→ **RECORDS TO PROCESS**:
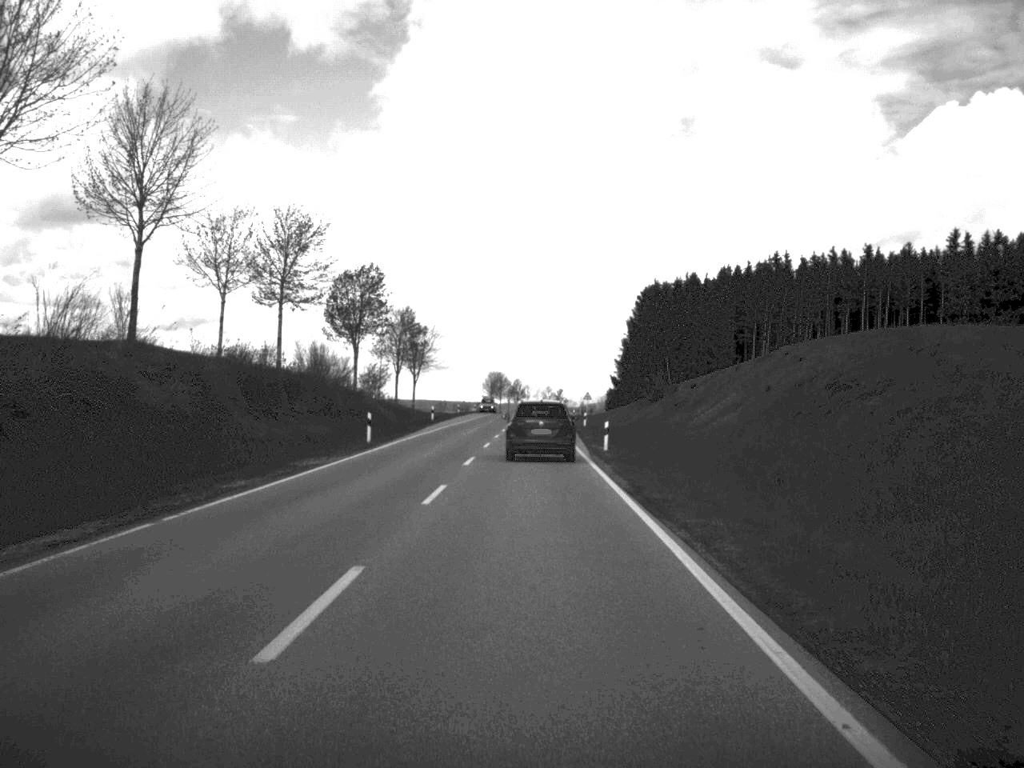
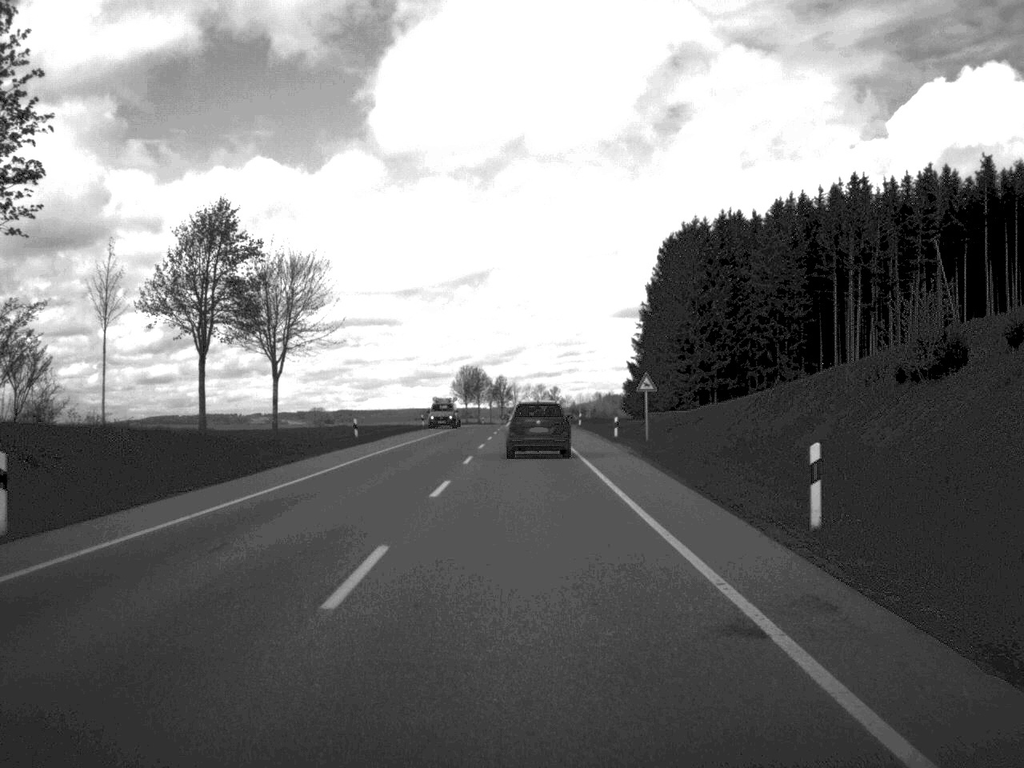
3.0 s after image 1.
(+0.2, +67.8) m; 0°
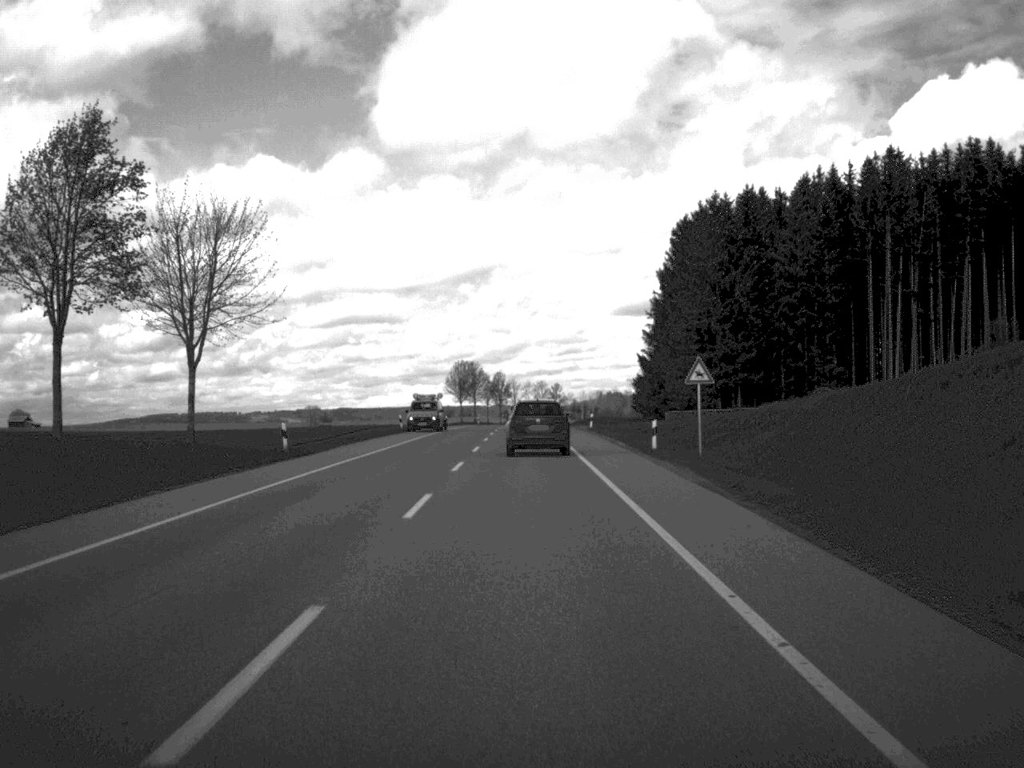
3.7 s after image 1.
(0.0, +16.1) m; 0°
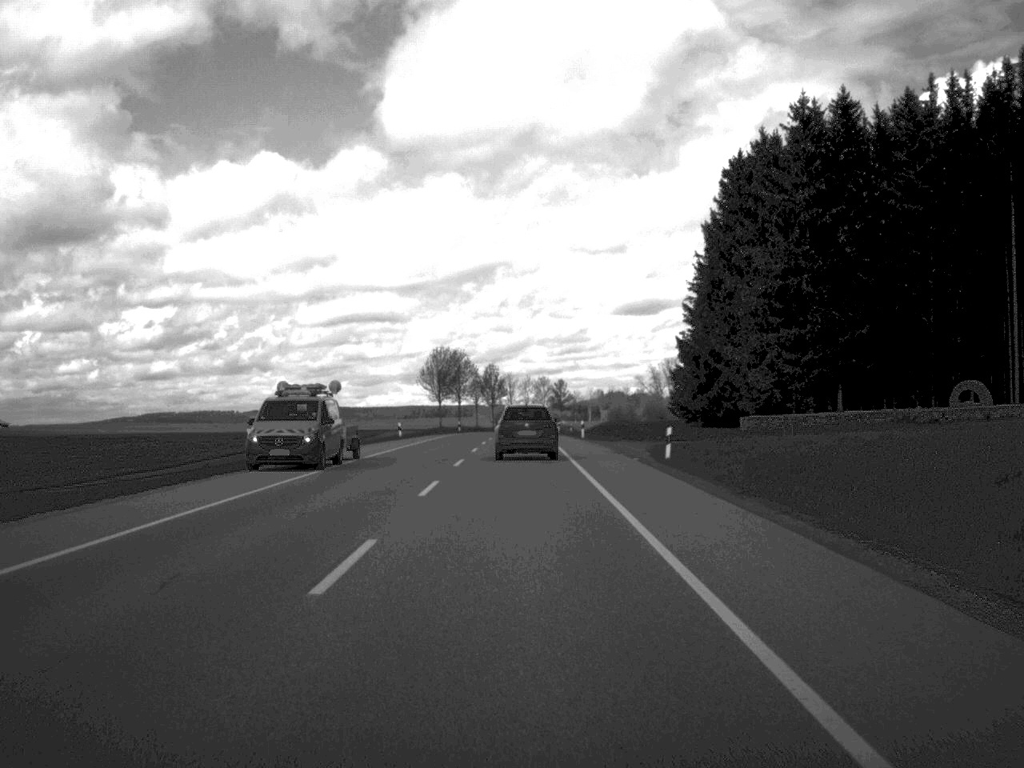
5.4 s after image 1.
(0.0, +41.7) m; 0°
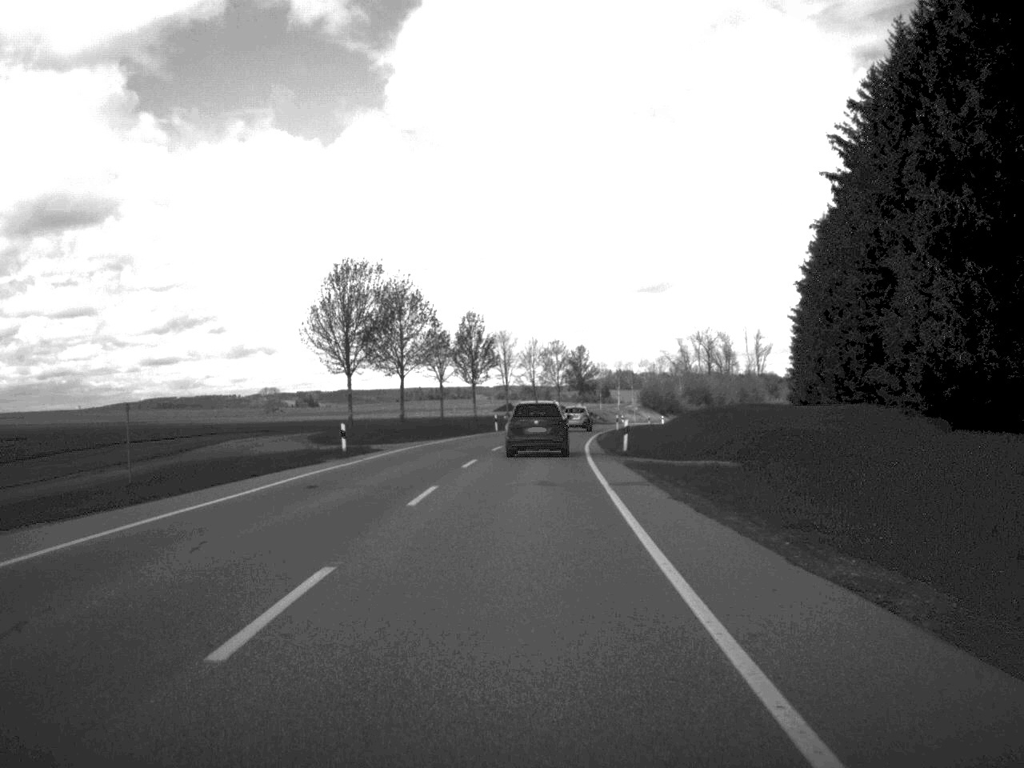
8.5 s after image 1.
(-0.3, +72.6) m; 0°
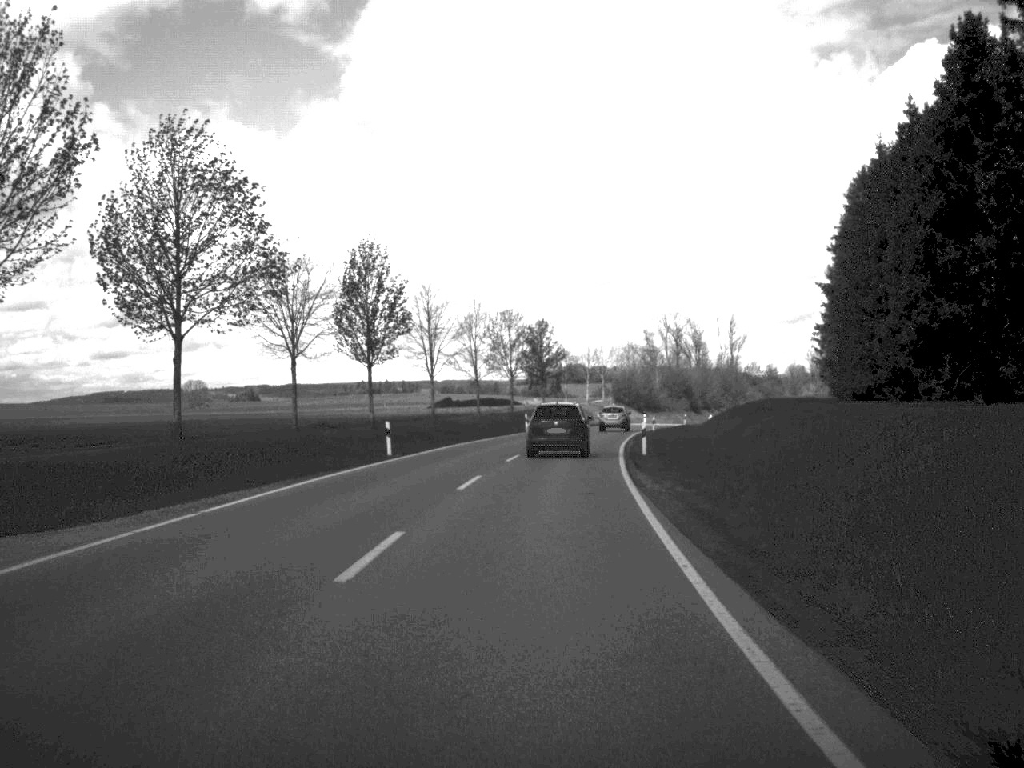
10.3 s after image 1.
(+0.6, +42.6) m; +2°
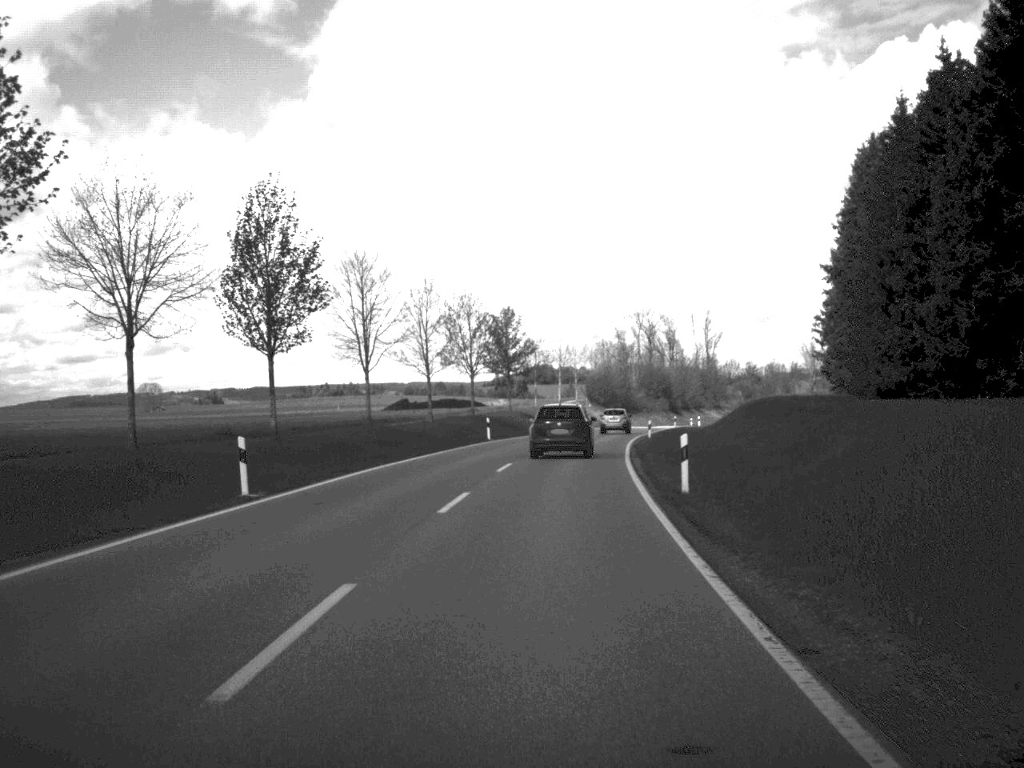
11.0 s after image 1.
(+0.2, +16.3) m; +1°

→ **TASK DETAILS**: Pictures are to be dropped, and the remaining data set down exactly.

→ **RESPONSE AREA**:
3.0 s after image 1.
(+0.2, +67.8) m; 0°
3.7 s after image 1.
(0.0, +16.1) m; 0°
5.4 s after image 1.
(0.0, +41.7) m; 0°
8.5 s after image 1.
(-0.3, +72.6) m; 0°
10.3 s after image 1.
(+0.6, +42.6) m; +2°
11.0 s after image 1.
(+0.2, +16.3) m; +1°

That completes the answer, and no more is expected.